Wow!!! Thank you all so much for your responses. You all just brightened my day, especially when it's so overcast and gloomy out today.

I posted last night in the heat of the moment and now in retrospect I think that what I was upset about was so trivial. But here goes anyway. Hubby, the kids, and I went to our son's open house at his school and I was extremely uncomfortable due to a group of moms who are so catty. I was doing well mingling with other parents and playing with the kids, but I just let those moms get the best of me. They did nothing but stand in their little spot in their little group and talk (or gossip) about who knows what. They gossiped about me several months ago (loud enough so they knew I heard) at how ridiculous I was for sending my son to kindergarten this coming fall when he is still only 4yrs. It's none of my business what they say, but they have no right to say things like that about me or anyone. So when I'm around them, I can't help but feel so little.

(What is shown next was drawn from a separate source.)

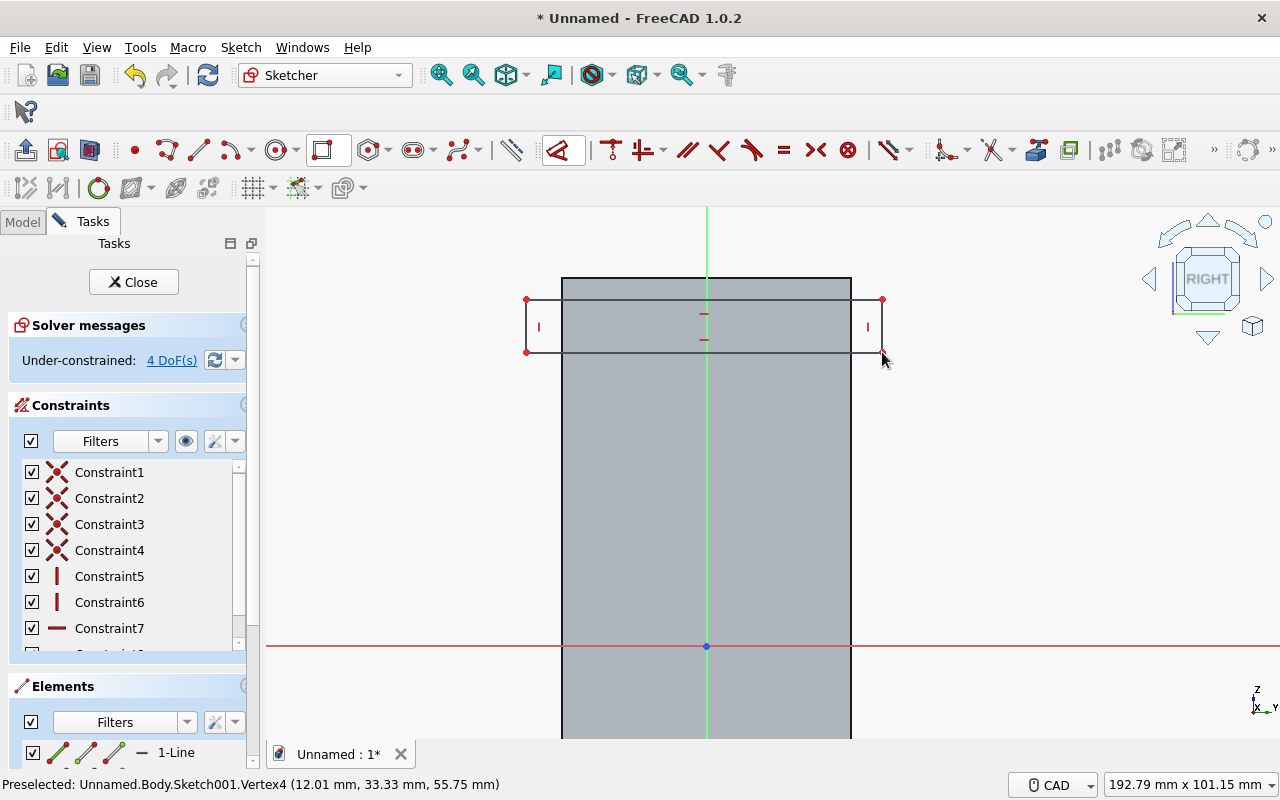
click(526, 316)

I know that this is really an issue about my self-esteem, for if I had good self-esteem then I would deem insignificant whatever those moms had to say. I've been working on this with my therapist. Most days are good, but others are not so good like last night. I'm so glad that my daughter has learned my stronger side than my weaker side. That's all I can really hope for now, right?

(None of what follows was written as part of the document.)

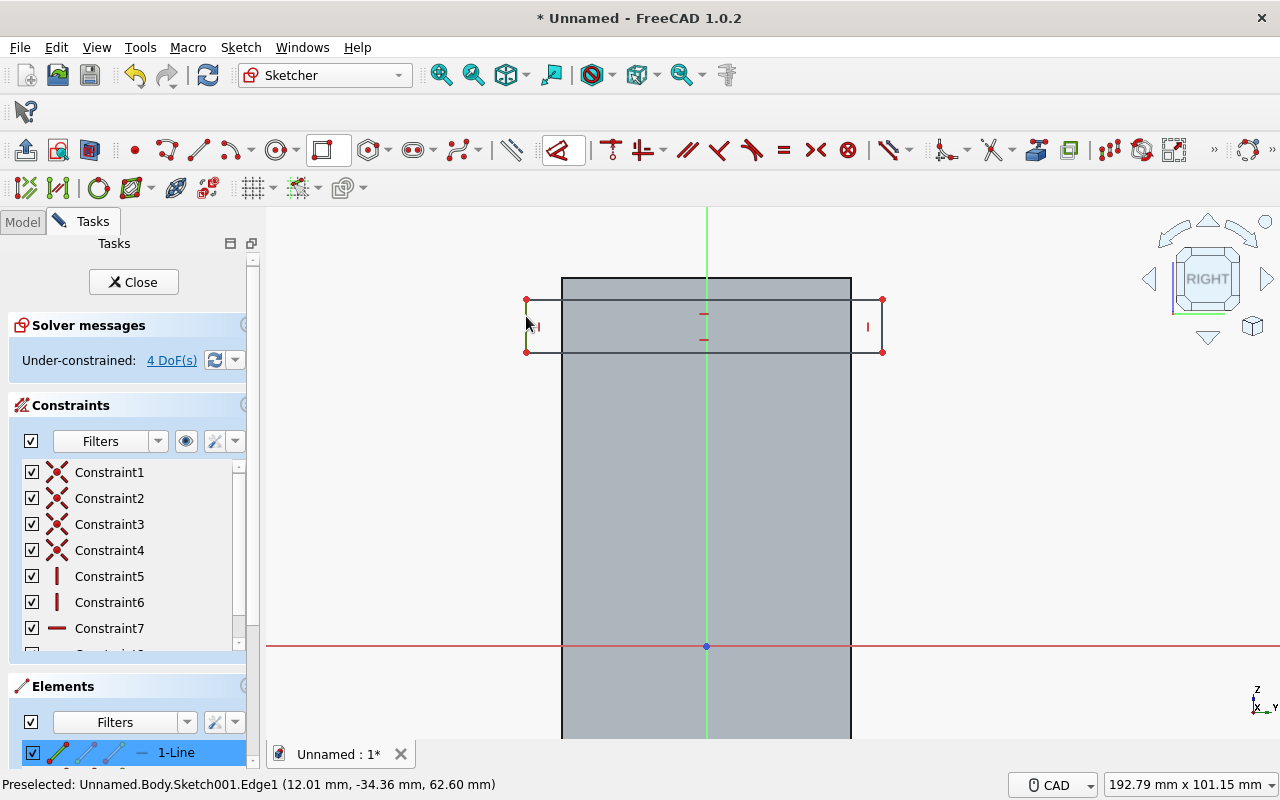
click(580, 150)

Another thing that has been festering in me for a couple of days is that my dad wants to hand me over his 13yr old son because he no longer has control over him. I keep telling my dad what he needs to do to improve his parenting, but he doesn't want to take my advice. My dad needs to be more loving, compassionate, forgiving, and affectionate to his son so that he doesn't retreat into video games and neglect his school work. All I hear from my dad is what his son is doing wrong and I try to balance it out with mentioning all the good things the kid is doing. Now what? My dad is giving up and wants the boy to live with us? Out of the goodness of my heart and love for my brother, I am willing to take him in as my own. But gosh, why must I always be my parents' support? Through their marital strife, affairs, divorce, relationships, parenting, money problems, they come to me. I'm their kid and they're supposed to be the ones supporting me, not vice versa!! My daughter overheard my husband and me talking about it and she later told me that she felt really bad for her uncle having a dad who is giving up on him and how she and her brother are so lucky that me and my husband won't ever do such a thing even when they do the worst things. My dad makes me so angry sometimes.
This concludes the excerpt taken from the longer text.